:: EXERCISE GOAL ::
Which lines of the data contain the string "object"? Copy every one.

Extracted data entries
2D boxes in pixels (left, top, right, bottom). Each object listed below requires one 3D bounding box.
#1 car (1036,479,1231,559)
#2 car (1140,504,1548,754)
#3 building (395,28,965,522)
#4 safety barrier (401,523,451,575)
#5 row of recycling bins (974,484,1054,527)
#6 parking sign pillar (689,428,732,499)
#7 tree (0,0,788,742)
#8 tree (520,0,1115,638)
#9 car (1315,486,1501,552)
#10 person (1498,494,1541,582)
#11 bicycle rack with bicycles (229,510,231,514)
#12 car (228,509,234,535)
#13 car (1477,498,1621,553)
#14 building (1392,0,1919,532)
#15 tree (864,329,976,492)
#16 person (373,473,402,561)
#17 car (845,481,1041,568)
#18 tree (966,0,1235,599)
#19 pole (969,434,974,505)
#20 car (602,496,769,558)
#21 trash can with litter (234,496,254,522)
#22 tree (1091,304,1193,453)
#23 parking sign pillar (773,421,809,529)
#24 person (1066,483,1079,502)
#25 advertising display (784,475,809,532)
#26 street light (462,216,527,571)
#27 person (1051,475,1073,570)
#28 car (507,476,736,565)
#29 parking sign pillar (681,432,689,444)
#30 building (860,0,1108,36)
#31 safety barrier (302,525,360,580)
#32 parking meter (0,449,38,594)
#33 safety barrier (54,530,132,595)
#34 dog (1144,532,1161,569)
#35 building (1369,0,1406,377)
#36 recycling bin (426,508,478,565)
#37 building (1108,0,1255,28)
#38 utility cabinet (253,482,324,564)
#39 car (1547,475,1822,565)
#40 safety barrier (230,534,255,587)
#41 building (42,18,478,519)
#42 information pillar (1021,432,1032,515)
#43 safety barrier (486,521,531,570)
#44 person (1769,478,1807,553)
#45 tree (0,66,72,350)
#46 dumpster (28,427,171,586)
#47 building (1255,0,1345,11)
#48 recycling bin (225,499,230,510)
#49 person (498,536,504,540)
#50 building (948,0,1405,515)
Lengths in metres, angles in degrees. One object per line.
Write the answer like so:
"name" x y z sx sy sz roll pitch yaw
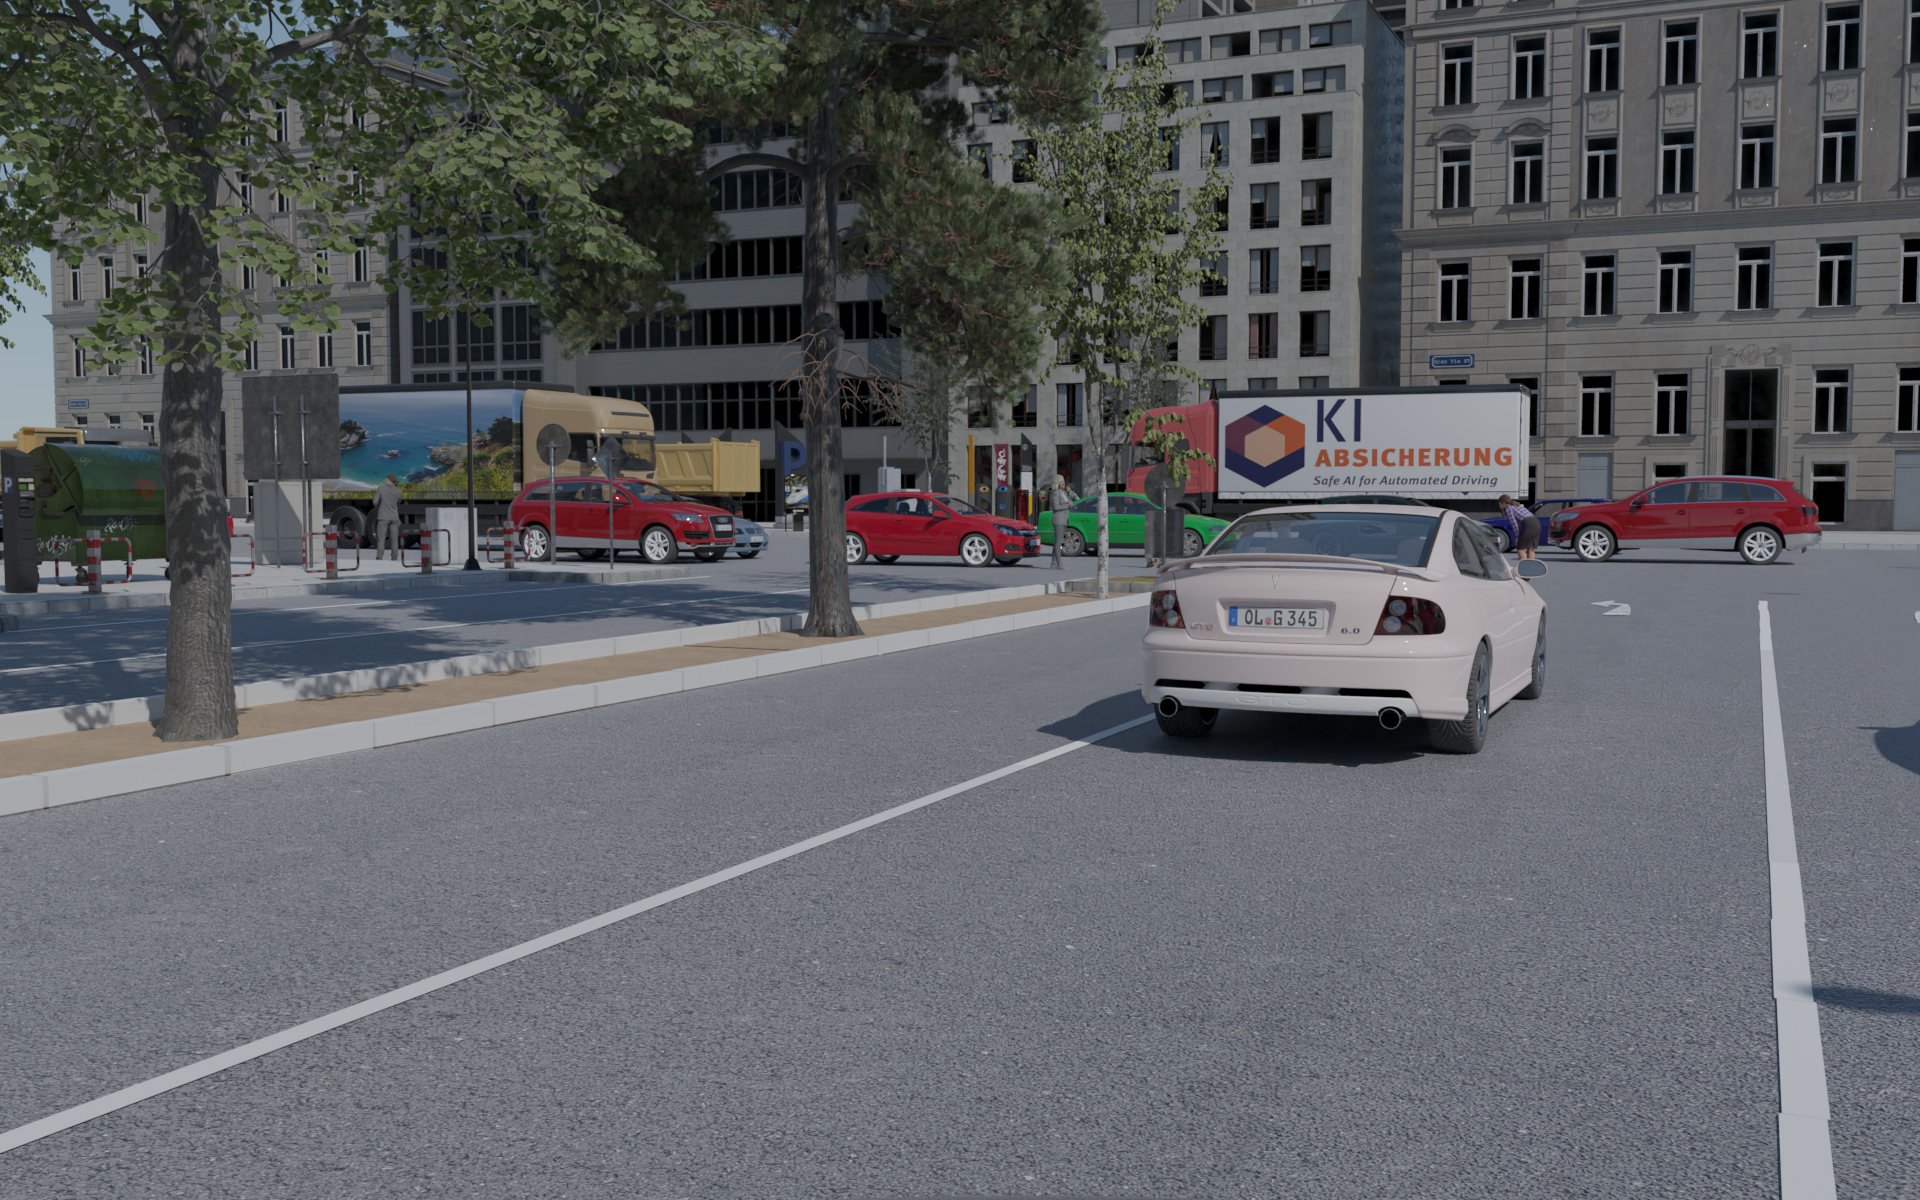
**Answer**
"car" 4.074 -1.883 39.579 4.718 1.807 1.959 1 4 23
"car" 2.628 0.073 11.164 2.083 1.381 4.827 2 4 25
"building" -11.736 -16.228 84.400 30.058 24.678 14.314 2 4 25
"safety barrier" -8.529 -0.820 27.681 0.300 0.817 1.120 2 4 25
"row of recycling bins" 2.155 -3.738 68.237 3.534 1.692 1.069 1 4 14
"parking sign pillar" -9.782 -4.973 69.785 1.447 3.967 1.447 2 4 35
"tree" -4.388 -5.481 10.207 7.486 12.596 7.792 0 3 0
"tree" -1.384 -5.664 17.122 6.751 12.117 7.091 0 3 0
"car" 9.342 -1.660 36.922 4.222 1.686 2.009 1 4 23
"person" 9.159 -1.019 28.395 0.697 1.427 0.421 3 5 40
"bicycle rack with bicycles" -37.724 -4.429 85.797 2.925 0.926 2.852 -2 4 -27
"car" -21.236 -2.230 45.493 4.494 1.783 2.155 1 4 23
"car" 14.333 -1.793 41.898 3.894 1.354 1.945 2 4 26
"building" 29.919 -16.374 64.974 25.104 27.353 12.463 2 4 25
"tree" -1.225 -6.905 63.265 4.360 8.622 3.978 0 3 0
"person" -11.468 -1.606 34.562 0.655 1.846 0.447 -3 5 -41
"car" -0.532 -1.584 34.943 4.494 1.783 2.155 2 4 24
"tree" 1.879 -4.299 23.109 4.737 8.622 4.395 0 3 0
"pole" 0.391 -4.004 59.314 0.158 3.312 0.155 0 3 0
"car" -6.443 -1.646 38.908 4.499 1.417 2.014 2 4 26
"trash can with litter" -32.603 -4.191 79.576 1.678 1.210 2.233 -1 4 -15
"tree" 7.114 -7.094 66.351 4.360 8.622 3.978 0 3 0
"parking sign pillar" -6.196 -4.619 63.987 1.447 3.967 1.447 3 5 45
"person" 3.114 -2.372 48.008 0.376 1.734 0.841 0 4 0
"advertising display" -5.519 -3.291 59.020 0.974 1.923 0.123 -1 4 -17
"street light" -7.742 -3.441 28.804 1.470 5.913 1.316 2 4 25
"person" 1.964 -1.487 32.994 0.526 1.800 0.537 3 4 36
"car" -7.180 -1.716 36.723 5.304 1.827 2.281 2 4 26
"parking sign pillar" -11.605 -5.359 76.088 1.447 3.967 1.447 3 4 37
"building" 1.292 -44.956 173.290 20.611 71.187 20.563 2 4 25
"safety barrier" -9.377 -0.707 25.838 0.300 0.817 1.120 2 4 25
"parking meter" -12.185 -1.023 22.440 0.399 1.863 0.255 2 4 31
"safety barrier" -11.069 -0.481 22.143 0.300 0.817 1.120 2 4 25
"dog" 3.670 -1.021 33.526 0.513 0.831 0.800 2 4 29
"building" 57.496 -48.439 230.235 20.611 71.187 20.563 2 4 25
"recycling bin" -9.251 -1.160 31.524 0.722 1.027 0.722 -3 4 -36
"building" 13.677 -42.524 133.517 20.563 71.187 20.611 2 4 25
"utility cabinet" -12.270 -1.405 31.649 0.318 1.500 1.173 3 5 41
"car" 15.100 -1.687 36.254 5.304 1.827 2.281 2 4 24
"safety barrier" -10.220 -0.594 23.989 0.300 0.817 1.120 2 4 25
"building" -36.889 -18.248 95.614 25.104 27.353 12.463 2 4 25
"information pillar" 2.510 -4.554 65.820 0.504 3.616 0.183 -2 4 -33
"safety barrier" -7.687 -0.932 29.514 0.300 0.817 1.120 2 4 25
"person" 20.136 -2.059 42.129 0.622 1.834 0.822 -3 5 -43
"tree" -15.642 -4.662 26.588 4.737 8.622 4.395 0 3 0
"dumpster" -12.335 -1.374 24.959 1.502 2.255 1.985 2 4 24
"building" 21.245 -34.846 158.969 27.495 52.752 28.713 2 4 25
"recycling bin" -37.862 -4.651 88.605 0.722 1.027 0.722 0 4 4
"person" -13.960 -2.765 53.806 0.778 1.811 0.616 -1 4 -10
"building" 9.323 -13.384 73.576 16.860 20.320 10.420 2 4 25

:: YOUR SOLUTION ::
2D boxes in pixels (left, top, right, bottom). Each object listed below requires one 3D bounding box.
Lengths in metres, angles in degrees. One object per line.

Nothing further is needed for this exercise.